The following steps can help resolve your replication error:

  • If you encounter a logical error and you can safely skip the error, follow the steps described in Skipping the current replication error. Your Aurora MySQL DB instance must be running a version that includes the mysql_rds_skip_repl_error procedure. For more information, see mysql_rds_skip_repl_error.

  • If you encounter a binary log (binlog) position issue, you can change the replica replay position with the mysql_rds_next_master_log command. Your Aurora MySQL DB instance must be running a version that supports the mysql_rds_next_master_log command to change the replica replay position. For version information, see mysql_rds_next_master_log.

  • If you encounter a temporary performance issue due to high DML load, you can set the innodb_flush_log_at_trx_commit parameter to 2 in the DB parameter group on the read replica. Doing this can help the read replica catch up, though it temporarily reduces atomicity, consistency, isolation, and durability (ACID).

  • You can delete the read replica and create an instance using the same DB instance identifier so that the endpoint remains the same as that of your old read replica.

If a replication error is fixed, the Replication State changes to replicating. For more information, see Troubleshooting a MySQL read replica problem.

Replication stopped error

When you call the mysql.rds_skip_repl_error command, you might receive the following error message: Slave is down or disabled.

This error message appears because replication is stopped and can't be restarted.

If you need to skip a large number of errors, the replication lag can increase beyond the default retention period for binary log files. In this case, you might encounter a fatal error due to binary log files being purged before they have been replayed on the replica. This purge causes replication to stop, and you can no longer call the mysql.rds_skip_repl_error command to skip replication errors.

You can mitigate this issue by increasing the number of hours that binary log files are retained on your replication source. After you have increased the binlog retention time, you can restart replication and call the mysql.rds_skip_repl_error command as needed.

To set the binlog retention time, use the mysql_rds_set_configuration procedure. Specify a configuration parameter of 'binlog retention hours' along with the number of hours to retain binlog files on the DB cluster, up to 720 (30 days). The following example sets the retention period for binlog files to 48 hours.
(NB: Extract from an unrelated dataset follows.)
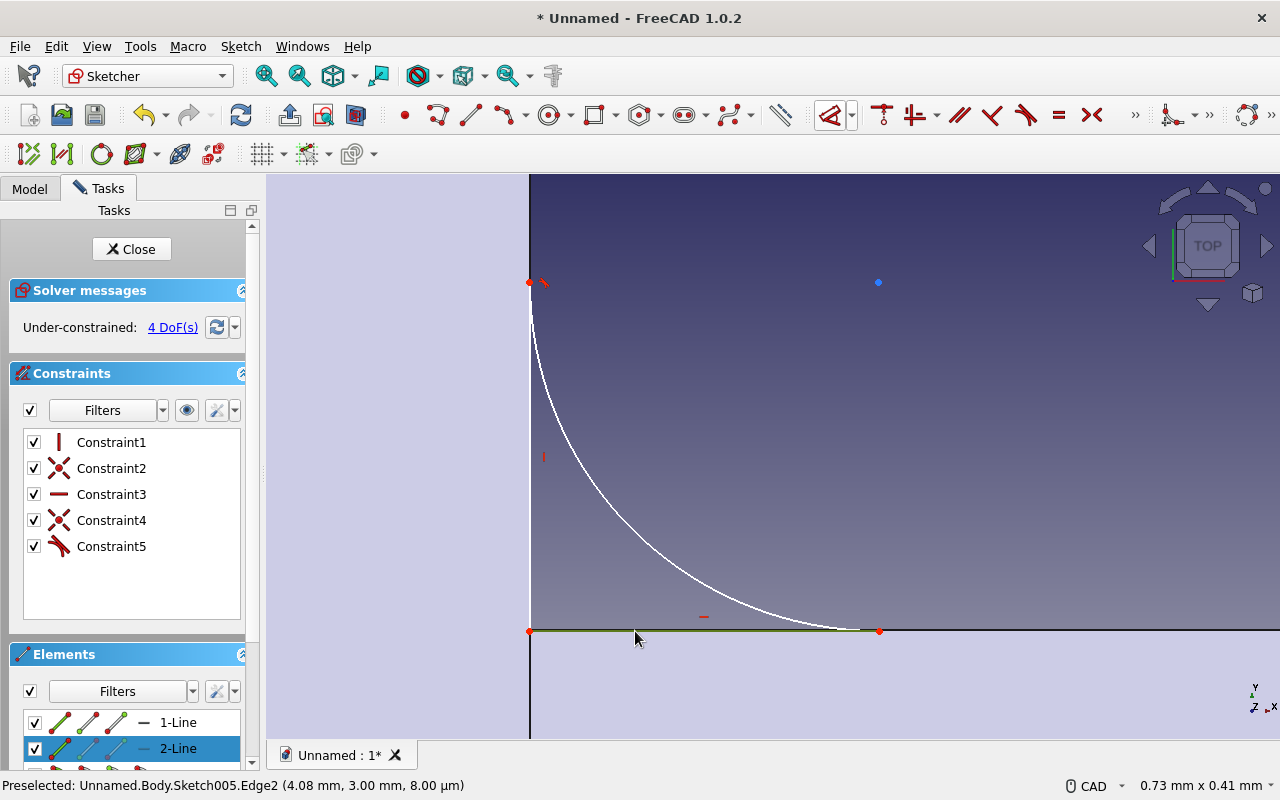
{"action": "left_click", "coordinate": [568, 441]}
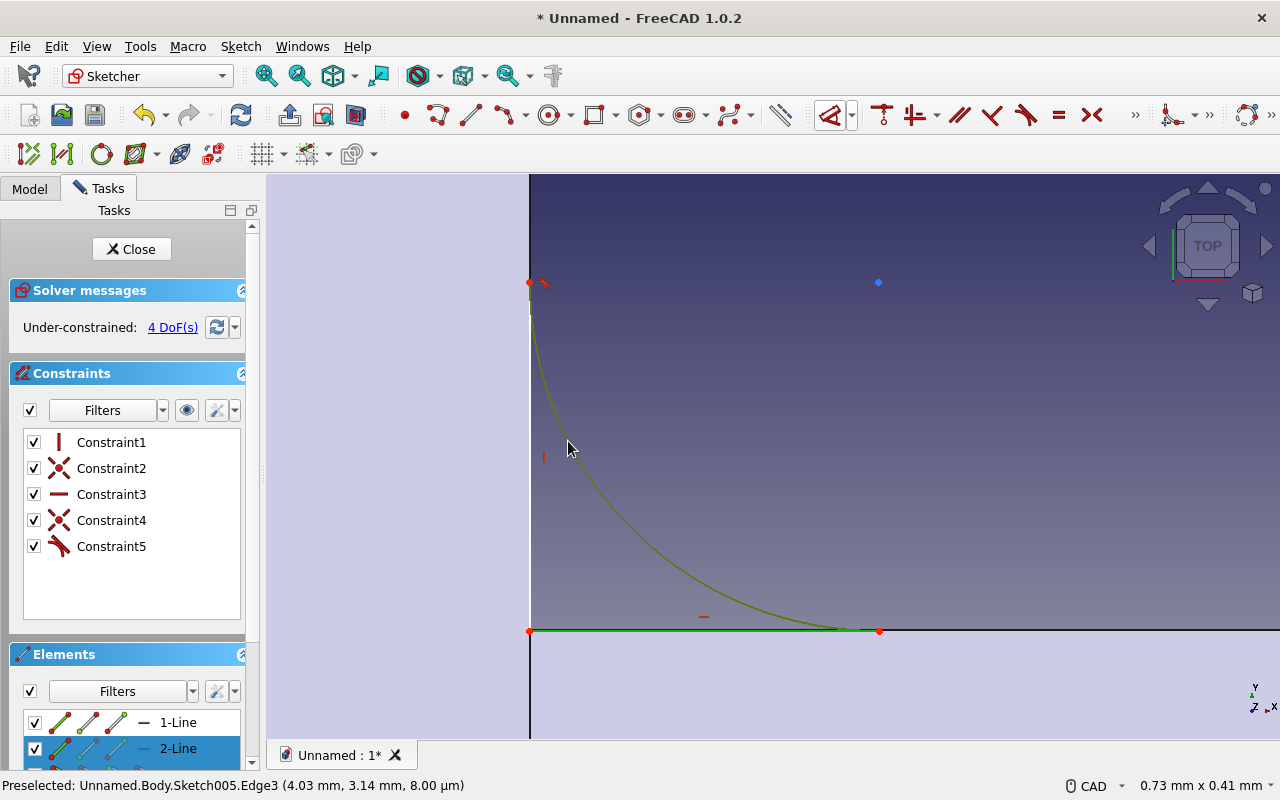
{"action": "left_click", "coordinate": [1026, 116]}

CALL mysql.rds_set_configuration('binlog retention hours', 48);

No space left on device

You might encounter one of the following error messages.

  • From Amazon Aurora MySQL:

    ERROR 3 (HY000): Error writing file '/rdsdbdata/tmp/XXXXXXXX' (Errcode: 28 - No space left on device)
  • From Amazon Aurora PostgreSQL:

    ERROR: could not write block XXXXXXXX of temporary file: No space left on device.

Each DB instance in an Amazon Aurora DB cluster uses local solid state drive (SSD) storage to store temporary tables for a session. This local storage for temporary tables doesn't automatically grow like the Aurora cluster volume. Instead, the amount of local storage is limited. The limit is based on the DB instance class for DB instances in your DB cluster.

To show the amount of storage available for temporary tables and logs, you can use the CloudWatch metric FreeLocalStorage. This metric is for per-instance temporary volumes, not the cluster volume. For more information on available metrics, see Monitoring Amazon Aurora DB cluster metrics.

In some cases, you can't modify your workload to reduce the amount temporary storage required. If so, modify your DB instances to use a DB instance class that has more local SSD storage. For more information, see DB instance classes.

For more troubleshooting information, see What is stored in Aurora for MySQL local storage, and how can I troubleshoot local storage issues? or What is stored in Amazon Aurora for PostgreSQL storage, and how can I troubleshoot storage issues?.